DİKTATÖR NASIL OLUNUR? TÜRK NASIL OLUNUR?
Önce, “diktatör nasıl olunur?”un tarifini alalım.Malzemeler:
- 30 adet baş; dinden ve ırktan geçinebilen emperyal işbirlikçi
- 500 gr. eski politik danadan kuşbaşı
- 2 yemek kaşığı yağdanlık
- Yarım fincan demokrasi
- 3 adet evrim karşıtı akademisyen
- 1 yemek kaşığı küfürbaz
- 1 çay kaşığı ezik
- 1 adet iftiracı
- Yemeğin(yemenin) tadını bozan muhalefeti yok edecek olan çok adet komplocu
- 3 tatlı kaşığı işkenceci
- 3adet yetkisi azaltılmış ve yönlendirilmiş yargı, yürütme ve yasama
- Çok adet hukuksuzluk
- Ve karanlığın gülen yüzü
İster beğenin, ister beğenmeyin bu benim; diktatör tarifim. Haklısınız; Papaz yahnisi tarifine benzedi. Kusura bakmayın, bugünlerdeki, PKK terör örgütü ile işletilen barış süreci ve bunun üzerinden yapılan Türklük tartışması Papazın Yahnisi’nden farksız.

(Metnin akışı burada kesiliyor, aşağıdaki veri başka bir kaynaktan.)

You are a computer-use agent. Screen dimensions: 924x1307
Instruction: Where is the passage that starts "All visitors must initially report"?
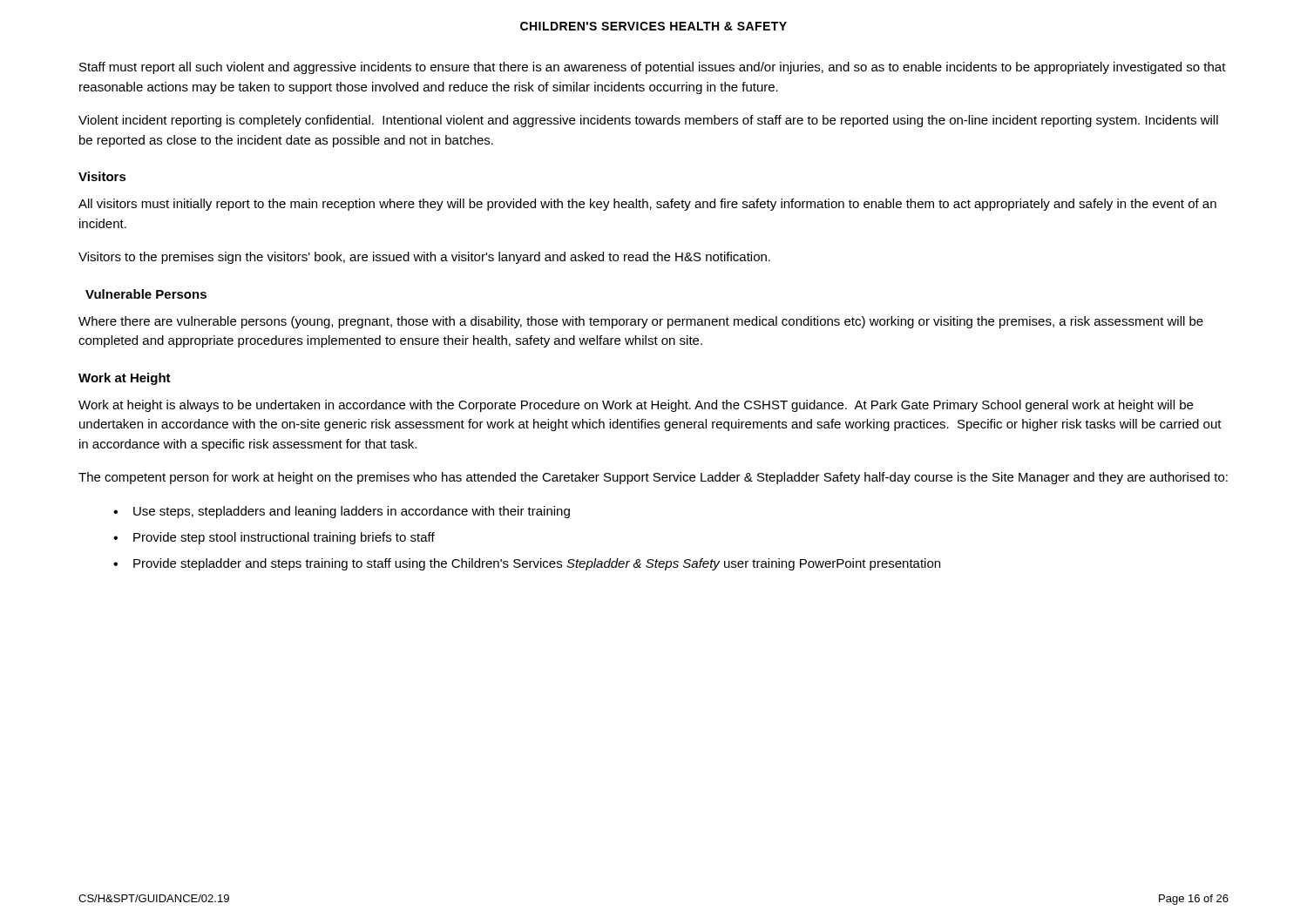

“Türk nasıl olunur?”un yanıtına gelince: Bakmayın siz; "Müslüman olmadan Türk olunmaz" veya “Namaz kılmadan Türk olunmaz.” diyen bunalımlara.
Önce, Partilerin Türklük tanımına bakacağız. Şunu belirterek konuya girmekte fayda var. Bilindiği gibi; 1982 Anayasası’nın 66. Maddesinde Türklük tanımı şöyle; “Türk devletine vatandaşlık bağıyla bağlı olan herkes Türk’tür”
Bu tanım; AKP’nin oluşturduğu Prof. Dr. Ergun Özbudun başkanlığındaki bilim kurulu tarafından “Türkiye Cumhuriyeti’ne vatandaşlık bağıyla bağlı olan herkes din ve ırk ayırt edilmeksizin Türk” şekline dönüştürülmek isteniyor.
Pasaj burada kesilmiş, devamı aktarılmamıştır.